[Stored records]
:::
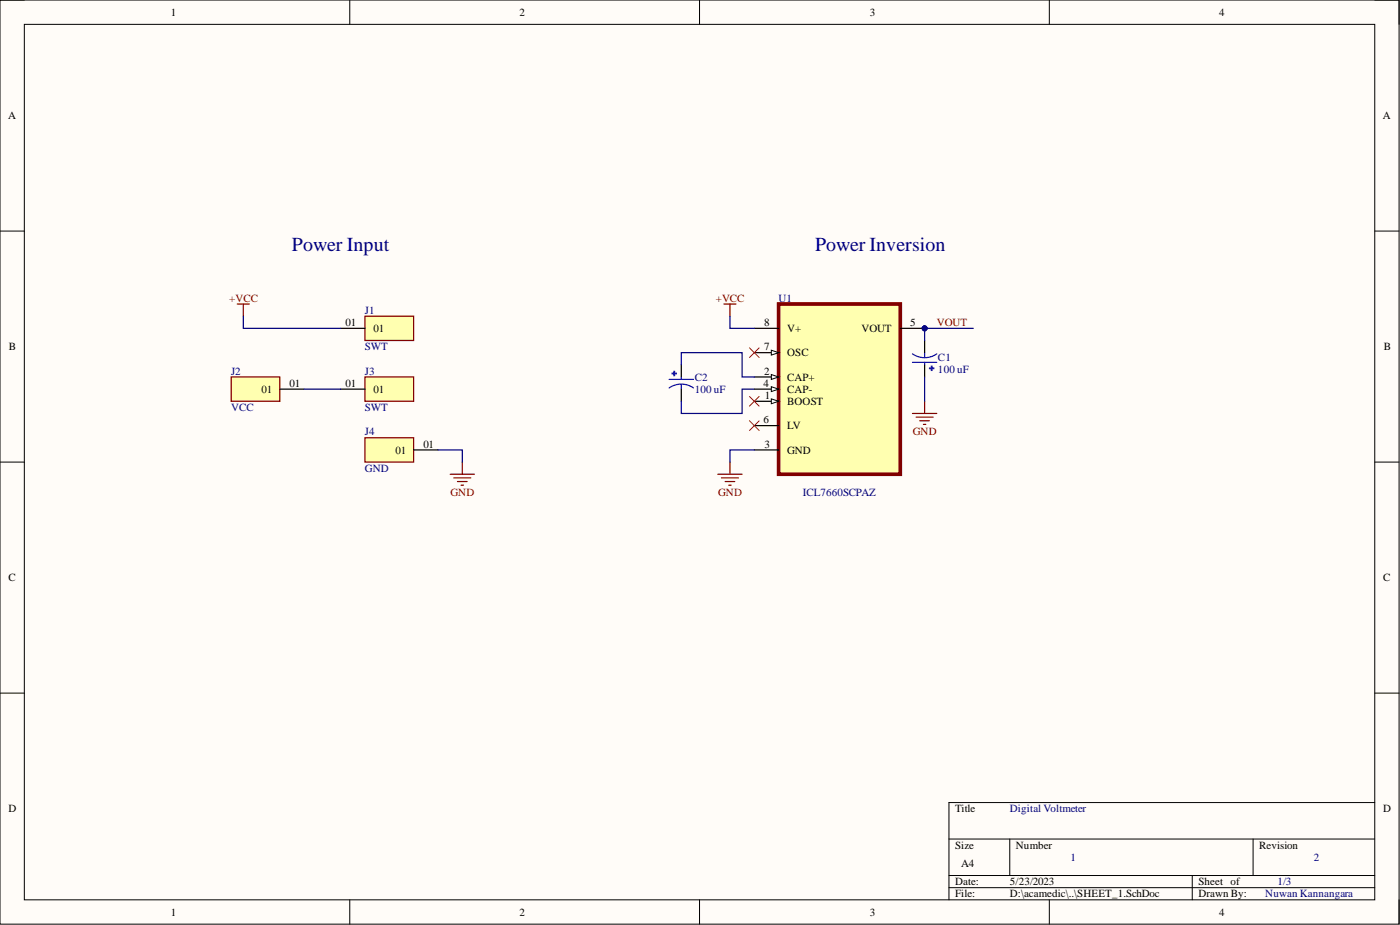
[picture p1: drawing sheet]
<svg xmlns="http://www.w3.org/2000/svg" width="292mm" height="193mm" viewBox="0 0 292 193" stroke-linecap="round" stroke-linejoin="round" font-family="sans-serif">
<defs><g id="words">
<g font-size="4.1" fill="#000080">
<text x="60.9" y="52.3">Power Input</text>
<text x="170.1" y="52.3">Power Inversion</text>
</g>
<g font-size="2.3">
<text x="35.6" y="3.3">1</text>
<text x="108.4" y="3.3">2</text>
<text x="181.5" y="3.3">3</text>
<text x="254.3" y="3.3">4</text>
<text x="1.7" y="24.9">A</text>
<text x="288.5" y="24.9">A</text>
<text x="72.1" y="68">01</text>
<text x="77.9" y="69.3">01</text>
<text x="159.4" y="68">8</text>
<text x="164.2" y="69.3">V+</text>
<text x="179.7" y="69.3">VOUT</text>
<text x="189.9" y="68">5</text>
<text x="1.9" y="73.1">B</text>
<text x="159.4" y="73.1">7</text>
<text x="164.2" y="74.3">OSC</text>
<text x="288.7" y="73.1">B</text>
<text x="54.6" y="81.9">01</text>
<text x="60.4" y="80.7">01</text>
<text x="72.1" y="80.7">01</text>
<text x="77.9" y="81.9">01</text>
<text x="159.3" y="80.7">4</text>
<text x="159.4" y="78.1">2</text>
<text x="159.6" y="83.2">1</text>
<text x="164.2" y="79.4">CAP+</text>
<text x="164.2" y="81.9">CAP-</text>
<text x="159.3" y="88.3">6</text>
<text x="164.2" y="84.5">BOOST</text>
<text x="164.2" y="89.6">LV</text>
<text x="82.5" y="94.6">01</text>
<text x="88.3" y="93.4">01</text>
<text x="159.5" y="93.4">3</text>
<text x="164.2" y="94.6">GND</text>
<text x="1.8" y="121.3">C</text>
<text x="288.6" y="121.3">C</text>
<text x="1.8" y="169.5">D</text>
<text x="199.3" y="169.5">Title</text>
<text x="288.6" y="169.5">D</text>
<text x="199.3" y="177.1">Size</text>
<text x="212" y="177.1">Number</text>
<text x="262.7" y="177.1">Revision</text>
<text x="199.3" y="184.7">Date:</text>
<text x="200.5" y="180.9">A4</text>
<text x="210.7" y="184.7">5/23/2023</text>
<text x="250" y="184.7">Sheet of</text>
<text x="35.6" y="191">1</text>
<text x="108.4" y="191">2</text>
<text x="181.5" y="191">3</text>
<text x="199.3" y="187.2">File:</text>
<text x="210.7" y="187.2">D:\acamedic\..\SHEET_1.SchDoc</text>
<text x="250" y="187.2">Drawn By:</text>
<text x="254.3" y="191">4</text>
</g>
<g font-size="2.3" fill="#800000">
<text x="47.8" y="62.9">+VCC</text>
<text x="149.3" y="62.9">+VCC</text>
<text x="195.5" y="68">VOUT</text>
<text x="190.5" y="90.8">GND</text>
<text x="94" y="103.5">GND</text>
<text x="149.8" y="103.5">GND</text>
</g>
<g font-size="2.3" fill="#000080">
<text x="76.2" y="65.5">J1</text>
<text x="162.5" y="62.9">U1</text>
<text x="76.2" y="73.1">SWT</text>
<text x="195.7" y="75.3">C1</text>
<text x="195.7" y="77.9">100 uF</text>
<text x="48.2" y="78.1">J2</text>
<text x="76.2" y="78.1">J3</text>
<text x="144.9" y="79.5">C2</text>
<text x="144.9" y="82">100 uF</text>
<text x="48.2" y="85.7">VCC</text>
<text x="76.2" y="85.7">SWT</text>
<text x="76.2" y="90.8">J4</text>
<text x="76.2" y="98.4">GND</text>
<text x="167.5" y="103.5">ICL7660SCPAZ</text>
<text x="210.7" y="169.5">Digital Voltmeter</text>
<text x="223.4" y="179.6">1</text>
<text x="274.1" y="179.6">2</text>
<text x="266.5" y="184.7">1/3</text>
<text x="264" y="187.2">Nuwan Kannangara</text>
</g>
</g></defs>
<path d="M0 0h291.9v192.8h-291.9z" fill-rule="evenodd" fill="#fffcf8"/>
<path d="M0 0h291.9v192.8h-291.9z" fill="none" stroke="#000" stroke-width=".21"/>
<path d="M5.1 5.1h281.7v182.6h-281.7z" fill-rule="evenodd" fill="#fffcf8"/>
<g fill="none" stroke="#000" stroke-width=".21">
<path d="M0 0h5.1M5.1 5.1h281.7v182.6h-281.7zM73 0v5.1M146 0v5.1M218.9 0v5.1M286.8 0h5.1v5.1M0 48.2h5.1M286.8 48.2h5.1M0 96.4h5.1M286.8 96.4h5.1M0 144.6h5.1M286.8 144.6h5.1"/>
<path d="M198 175h88.8M210.7 175v7.6M261.4 175v7.6M286.8 167.4h-88.8v20.3M73 187.7v5.1M146 187.7v5.1M198 182.6h88.8M198 185.2h88.8M218.9 187.7v5.1M248.8 182.6v5.1M291.9 187.7v5.1"/>
</g>
<path d="M48.2 78.6h10.2v5.1h-10.2z" fill-rule="evenodd" fill="#ffffb0"/>
<path d="M48.2 78.6h10.2v5.1h-10.2z" fill="none" stroke="#800000" stroke-width=".25"/>
<path d="M58.4 81.2h5.1" fill="none" stroke="#000" stroke-width=".25"/>
<path d="M76.2 91.3h10.1v5.1h-10.1z" fill-rule="evenodd" fill="#ffffb0"/>
<path d="M49.5 63.4h2.5M50.8 63.4v2.6M76.2 91.3h10.1v5.1h-10.1z" fill="none" stroke="#800000" stroke-width=".25"/>
<path d="M86.3 93.9h5.1" fill="none" stroke="#000" stroke-width=".25"/>
<path d="M76.2 66h10.1v5h-10.1z" fill-rule="evenodd" fill="#ffffb0"/>
<path d="M76.2 66h10.1v5h-10.1z" fill="none" stroke="#800000" stroke-width=".25"/>
<path d="M71.1 68.5h5.1" fill="none" stroke="#000" stroke-width=".25"/>
<path d="M76.2 78.6h10.1v5.1h-10.1z" fill-rule="evenodd" fill="#ffffb0"/>
<path d="M76.2 78.6h10.1v5.1h-10.1zM93.9 98.9h5.1M94.7 99.7h3.5M96.5 96.4v2.5M95.4 100.5h2.1M96.2 101.2h.5" fill="none" stroke="#800000" stroke-width=".25"/>
<path d="M71.1 81.2h5.1" fill="none" stroke="#000" stroke-width=".25"/>
<circle cx="192.9" cy="68.5" r=".51" fill="#000080"/>
<circle cx="192.9" cy="68.5" r=".51" fill="none" stroke="#000080" stroke-width=".21"/>
<path d="M162.5 63.4h25.3v35.5h-25.3z" fill-rule="evenodd" fill="#ffffb0"/>
<path d="M162.5 63.4h25.3v35.5h-25.3z" fill="none" stroke="#800000" stroke-width=".76"/>
<path d="M157.4 68.5h5.1M157.4 73.6h5.1" fill="none" stroke="#000" stroke-width=".25"/>
<path d="M160.9 73.1l1.6 .5-1.6 .5z" fill="#f8fcff"/>
<path d="M160.9 73.1l1.6 .5-1.6 .5z" fill="none" stroke="#000" stroke-width=".21"/>
<path d="M157.4 78.6h5.1" fill="none" stroke="#000" stroke-width=".25"/>
<path d="M160.9 78.1l1.6 .5-1.6 .6z" fill="#f8fcff"/>
<path d="M160.9 78.1l1.6 .5-1.6 .6z" fill="none" stroke="#000" stroke-width=".21"/>
<path d="M157.4 81.2h5.1" fill="none" stroke="#000" stroke-width=".25"/>
<path d="M160.9 80.7l1.6 .5-1.6 .5z" fill="#f8fcff"/>
<path d="M160.9 80.7l1.6 .5-1.6 .5z" fill="none" stroke="#000" stroke-width=".21"/>
<path d="M157.4 83.7h5.1" fill="none" stroke="#000" stroke-width=".25"/>
<path d="M160.9 83.2l1.6 .5-1.6 .5z" fill="#f8fcff"/>
<path d="M160.9 83.2l1.6 .5-1.6 .5z" fill="none" stroke="#000" stroke-width=".21"/>
<path d="M187.8 68.5h5.1M157.4 88.8h5.1M157.4 93.9h5.1" fill="none" stroke="#000" stroke-width=".25"/>
<circle cx="192.9" cy="68.5" r=".51" fill="#000080"/>
<circle cx="192.9" cy="68.5" r=".51" fill="none" stroke="#000080" stroke-width=".21"/>
<path d="M156.4 72.6l2 2M158.4 72.6l-2 2M156.4 82.7l2 2M156.4 87.8l2 2M158.4 82.7l-2 2M158.4 87.8l-2 2" fill="none" stroke="#f00" stroke-width=".21"/>
<path d="M194.3 76.4h.1v.9h-.1z" fill-rule="evenodd" fill="#00f"/>
<path d="M194.3 76.4h.1v.9h-.1z" fill="none" stroke="#00f" stroke-width=".25"/>
<path d="M193.9 76.8h.9v.1h-.9z" fill-rule="evenodd" fill="#00f"/>
<path d="M190.4 73.8a4.4 4.4 0 0 0 5.1 0M190.4 75.6h5.1M192.9 73.6v1M192.9 75.6v.5M193.9 76.8h.9v.1h-.9z" fill="none" stroke="#00f" stroke-width=".25"/>
<path d="M192.9 71v2.6M192.9 76.1v2.5" fill="none" stroke="#000" stroke-width=".25"/>
<path d="M140.6 77.5h.1v.9h-.1z" fill-rule="evenodd" fill="#00f"/>
<path d="M140.6 77.5h.1v.9h-.1z" fill="none" stroke="#00f" stroke-width=".25"/>
<path d="M140.2 77.9h.9v.1h-.9z" fill-rule="evenodd" fill="#00f"/>
<path d="M139.6 79.2h5.1M140.2 77.9h.9v.1h-.9zM142.1 78.6v.6M139.6 80.9a4.4 4.4 0 0 1 5.1 0M142.1 80.2v1" fill="none" stroke="#00f" stroke-width=".25"/>
<path d="M142.1 76.1v2.5M142.1 81.2v2.5" fill="none" stroke="#000" stroke-width=".25"/>
<path d="M151 63.4h2.6M152.3 63.4v2.6M149.8 98.9h5M150.5 99.7h3.6M152.3 96.4v2.5M190.4 86.3h5.1M191.1 87h3.6M191.9 87.8h2M192.7 88.5h.5M192.9 83.7v2.6M151.3 100.5h2M152 101.2h.6" fill="none" stroke="#800000" stroke-width=".25"/>
<path d="M50.8 66v2.5h20.3M142.1 76.1v-2.5h12.7v5h2.6M152.3 66v2.5h5.1M192.9 78.6v5.1M203.1 68.5h-10.2v2.5M63.5 81.2h7.6M91.4 93.9h5.1v2.5M157.4 93.9h-5.1v2.5M157.4 81.2h-2.6v5.1h-12.7v-2.6" fill="none" stroke="#000080" stroke-width=".25"/>
<circle cx="192.9" cy="68.5" r=".51" fill="#000080"/>
<circle cx="192.9" cy="68.5" r=".51" fill="none" stroke="#000080" stroke-width=".21"/>
<use href="#words"/>
</svg>
:::
(Your assignment) Copy out each line of the records that holds the string "font".

(Solution to this exercise)
<svg xmlns="http://www.w3.org/2000/svg" width="292mm" height="193mm" viewBox="0 0 292 193" stroke-linecap="round" stroke-linejoin="round" font-family="sans-serif">
<g font-size="4.1" fill="#000080">
<g font-size="2.3">
<g font-size="2.3" fill="#800000">
<g font-size="2.3" fill="#000080">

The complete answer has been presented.